Role: GenAI Engineer
Duration: 6-12+ Months Contract
Location: Santa Clara, CA - 5D Onsite Must Have Skills
Only Local to California will work out
Skill 1 Design, develop, and deploy Custom AI agents capable of autonomous decision-making and task execution using LLMs and multi-modal models
Skill 2 Implement and manipulate complex algorithms essential for developing and optimizing generative AI models.

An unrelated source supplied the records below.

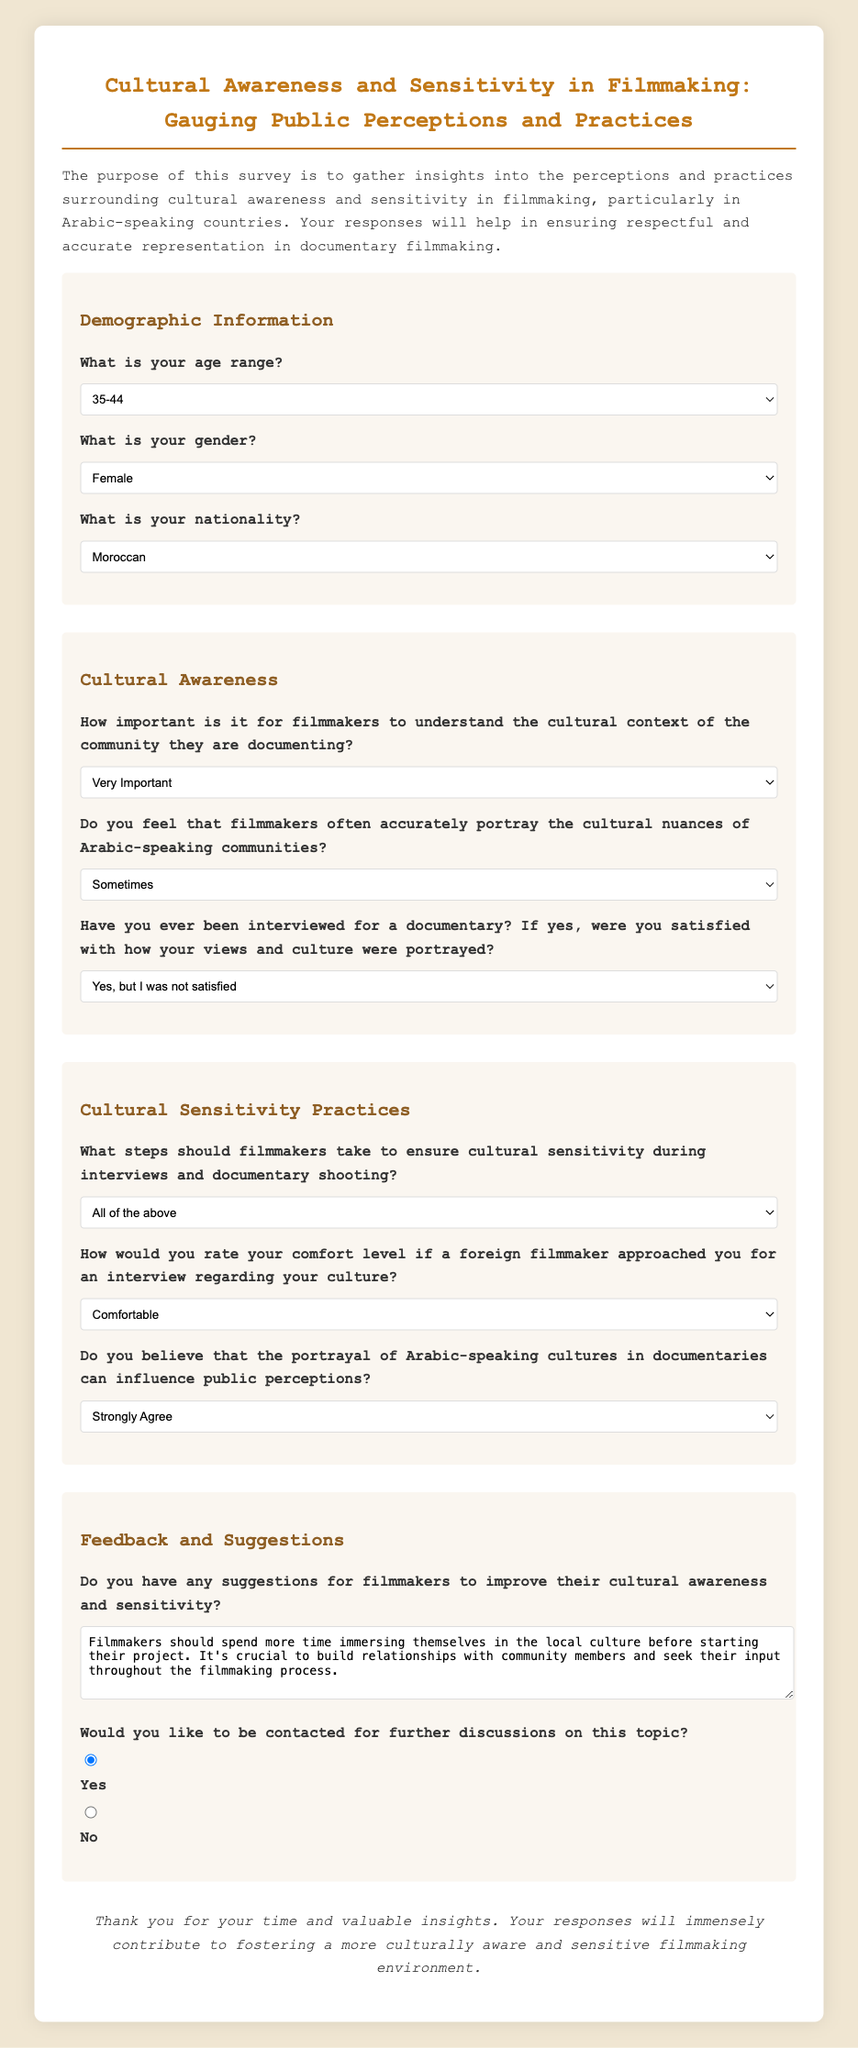What is the age range selected by the respondent? The selected age range is indicated in the demographic section of the survey.
Answer: 35-44 What is the gender selected by the respondent? The selected gender is indicated in the demographic section of the survey.
Answer: Female What is the nationality of the respondent? The selected nationality is indicated in the demographic section of the survey.
Answer: Moroccan How do respondents feel about the importance of cultural understanding in filmmaking? The response is highlighted in the cultural awareness section, showing their opinion on cultural context importance.
Answer: Very Important How often do respondents think filmmakers accurately portray cultural nuances? This is indicated in the cultural awareness section, reflecting the respondents' views on portrayal accuracy.
Answer: Sometimes What steps do respondents think filmmakers should take for cultural sensitivity? The respondents' views on necessary steps for sensitivity are captured in the cultural sensitivity practices section.
Answer: All of the above What is the comfort level if a foreign filmmaker approaches for an interview? This is stated in the cultural sensitivity practices section, indicating the respondents' comfort level.
Answer: Comfortable What suggestions do respondents have for filmmakers regarding cultural awareness? The feedback section provides respondents' comments on improving filmmakers' cultural awareness practices.
Answer: Immersing themselves in the local culture Would the respondent like to be contacted for further discussions? The response option regarding contact preference is specified in the feedback and suggestions section.
Answer: Yes

Skill 3 Demonstrate advanced programming expertise, particularly in Python, with deep proficiency in AI-centric libraries such as TensorFlow, PyTorch, and Hugging Face Transformers
Good To have Skills
Skill 1 Design MS Copilot Studio Agent Builder advanced skills, including custom plugin development, adaptive orchestration of multiple AI skills and APIs, contextual memory management, dynamic prompt engineering, and secure data handling.
About the Role:
We are seeking a highly skilled and innovative AI Engineer to join our team and lead the development of intelligent AI agents and Retrieval-Augmented Generation (RAG)-based applications. This role is ideal for someone passionate about pushing the boundaries of applied AI, with hands-on experience in building scalable, production-grade Generative AI (GenAI) systems and advanced Copilot Studio agent capabilities.
Key Responsibilities:
Demonstrate advanced programming expertise, particularly in Python, with deep proficiency in AI-centric libraries such as TensorFlow, PyTorch, and Hugging Face Transformers.
Architect and implement Retrieval-Augmented Generation (RAG) pipelines to enhance model performance using external knowledge sources, including document chunking, embedding generation, and retrieval systems.
Design, develop, and deploy Custom AI agents capable of autonomous decision-making and task execution using LLMs and multi-modal models.
Implement and manipulate complex algorithms essential for developing and optimizing generative AI models.
Manage data pipelines involving data pre-processing, augmentation, and synthetic data generation to enhance model training and performance.
Ensure robust data handling practices including cleaning, labeling, and structuring datasets for generative AI workflows.
Design MS Copilot Studio Agent Builder advanced skills, including custom plugin development, adaptive orchestration of multiple AI skills and APIs, contextual memory management, dynamic prompt engineering, and secure data handling.
Agent Orchestration: Build multi-turn agents that adapt and chain AI skills and APIs.
Trigger Management: Configure message, data, scheduled, and webhook triggers.
Automation Workflow: Design workflows with Power Automate for task automation.
Flow Design: Create logical, scalable flows for complex business processes.
Tool Integration: Use Copilot's built-in connectors to integrate enterprise apps and services seamlessly.